Operating as an establishing shot for the work, the lightbox image situated within the entry foyer draws upon the codes of advertising and publicity to signal the spectacular. "See The City of Tomorrow, Today" it promises, presenting what appears to be a map detailing the reconstruction program for contemporary Berlin. This primary signal is interrupted by the superimposition of Albert Speer's 1942 plan for the reconstruction of Berlin as the capital of Nazi Germany. Across the spatial territory delineated by these two maps, a series of locations are indexed by the unfobox icon, positing these points of interest as conduits between these two points in time. The temporal syntax of the map as plan, as projection of the city of tomorrow, is ruptured in favor of a mapping of institutional power as implemented through urban planning. Framing an interval of time, that between the aspirations of the third reich and that of contemporary Germany, the map projects a discursive space within which the issues of institutional power are recast in terms of the historical cycle.
Moving past the foyer and upon entry into the installation's 'interior', one encounters two curving projection screens opposing each other. The architecture of the screens suggests a movement within the space of the room which is countered by the presence of moving images upon the screens. Which is to say, the screens ask one to circulate around them, the moving images ask one to pause, to remain in place. The surface of the screens moves from concave to convex as they descend downward from above, both establishing and dispersing two focal points within the room. The projected image, shot in cinematic widescreen format, is deformed by the curvature of the screen, presenting an image caught between the formal language of the television screen and the automobile windshield. The projectors, placed on the floor, establish two projective fields which are intermittently interrupted as people move through the space of the room, their shadows commingling with the images on the screens.

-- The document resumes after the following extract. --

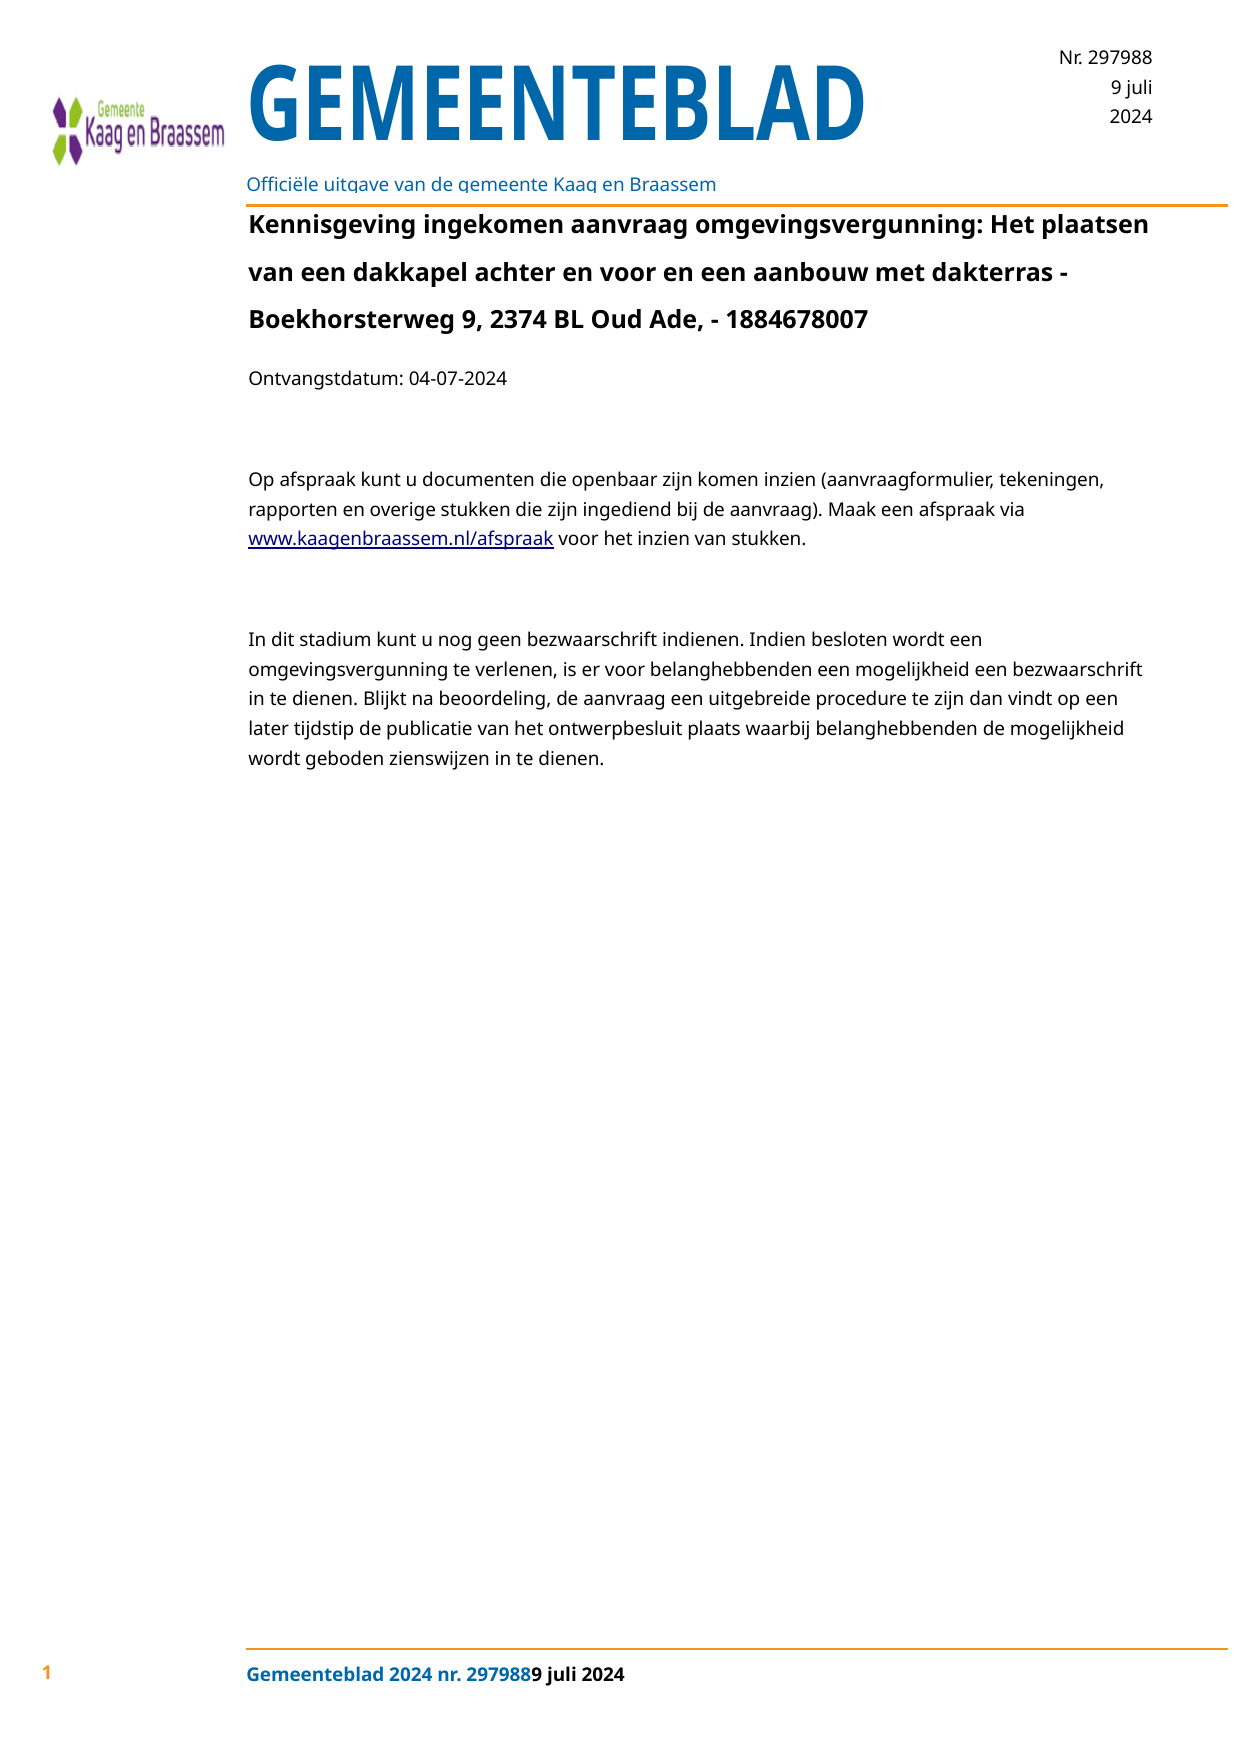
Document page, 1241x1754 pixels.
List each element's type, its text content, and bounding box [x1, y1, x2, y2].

One screen receives a video projection of a series of sites within contemporary Berlin: sites of construction, vacancy, and ruin. Drawing upon the protocols of the postcard image and the travel video, they signal forms of cultural tourism embedded within contemporary technologies. Within the projected images of these sites, movement is constrained to a minimum. At times, only the association of the soundtrack with the image signals the presence of time passing, extending the expectation of the narrative event. There is what you see and there is what you have to imagine. There is life passing in front of the camera, but it appears the camera is not looking at that in particular. There is the architectural event that the camera focuses on (a construction site, a vacant building, an expanse of open land) but that seems, in it's stillness, to be somewhere else. There is no there there, but it's huge. We are waiting for something to happen, but exactly what that is we're not quite sure.

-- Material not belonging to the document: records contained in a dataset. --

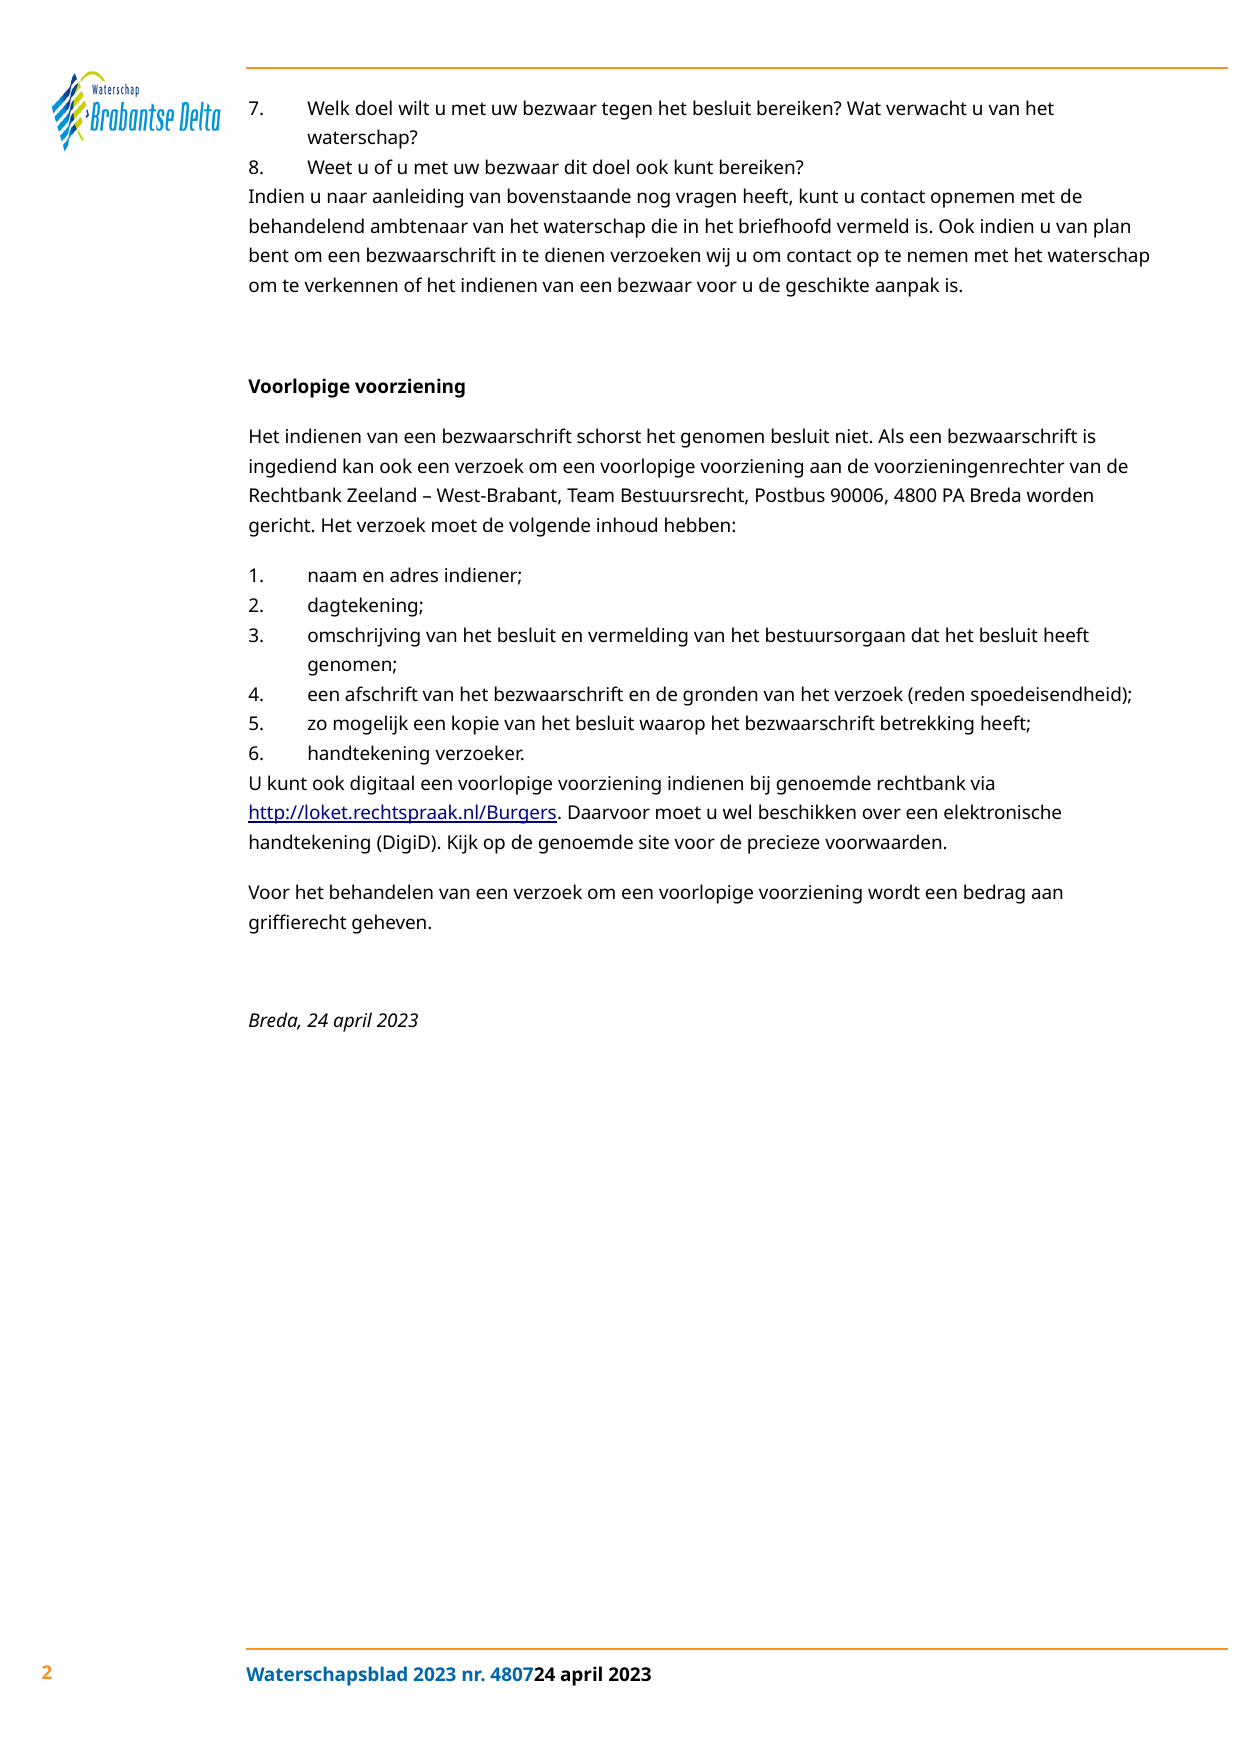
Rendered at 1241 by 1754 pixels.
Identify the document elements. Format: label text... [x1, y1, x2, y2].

list Weet u of u met uw bezwaar dit doel ook kunt bereiken? [248, 154, 1152, 180]
list naam en adres indiener; [248, 563, 1152, 588]
list zo mogelijk een kopie van het besluit waarop het bezwaarschrift betrekking heeft; [248, 711, 1152, 736]
text Breda, 24 april 2023 [248, 1007, 1152, 1033]
picture [41, 47, 231, 172]
list dagtekening; [248, 592, 1152, 618]
text Indien u naar aanleiding van bovenstaande nog vragen heeft, kunt u contact opnemen met de behandelend ambtenaar van het waterschap die in het briefhoofd vermeld is. Ook indien u van plan bent om een bezwaarschrift in te dienen verzoeken wij u om contact op te nemen met het waterschap om te verkennen of het indienen van een bezwaar voor u de geschikte aanpak is. [248, 183, 1152, 298]
text Het indienen van een bezwaarschrift schorst het genomen besluit niet. Als een bezwaarschrift is ingediend kan ook een verzoek om een voorlopige voorziening aan de voorzieningenrechter van de Rechtbank Zeeland – West-Brabant, Team Bestuursrecht, Postbus 90006, 4800 PA Breda worden gericht. Het verzoek moet de volgende inhoud hebben: [248, 423, 1152, 538]
list handtekening verzoeker. [248, 740, 1152, 766]
list omschrijving van het besluit en vermelding van het bestuursorgaan dat het besluit heeft genomen; [248, 622, 1152, 677]
text Voor het behandelen van een verzoek om een voorlopige voorziening wordt een bedrag aan griffierecht geheven. [248, 879, 1152, 935]
text U kunt ook digitaal een voorlopige voorziening indienen bij genoemde rechtbank via http://loket.rechtspraak.nl/Burgers. Daarvoor moet u wel beschikken over een elektronische handtekening (DigiD). Kijk op de genoemde site voor de precieze voorwaarden. [248, 770, 1152, 855]
list Welk doel wilt u met uw bezwaar tegen het besluit bereiken? Wat verwacht u van het waterschap? [248, 95, 1152, 150]
list een afschrift van het bezwaarschrift en de gronden van het verzoek (reden spoedeisendheid); [248, 681, 1152, 707]
text Voorlopige voorziening [248, 373, 1152, 399]

The opposing screen receives a video projection of a series of six people apparently being interviewed, signalling the exchange of information via spoken dialogue. But as time passes, the sentences break down. One thought trails off and we are confronted with an extended pause as the person before us searches for what to say next. The questions to which they are supposedly responding are never heard. The subject of the conversation is elided by the interval between two utterances. We sense it's Berlin, but exactly what is said about it remains out of frame. In its place we witness a series of pauses.
epilogue/prologue
The film/video library becomes both epilogue and prologue to the work, encountered as the last element of the installation while at the same time providing a point of re-entry into the work. A selection of filmic 'portraits' of the city shot roughly coincident with the period framed by the initial lightbox map, the films present a historical dialogue between the city and it's image as evidenced by cinema. As a collection, they articulate some of the complexities of the city's history, forestalling the grand narratives presented by theories of both the historical cycle and the naturalism of nations. They speak to each other across time, producing a discursive space within which both the subtle congruities as well as the harsh discontinuities engendering the city are repositioned within the unfolding present of contemporary Berlin.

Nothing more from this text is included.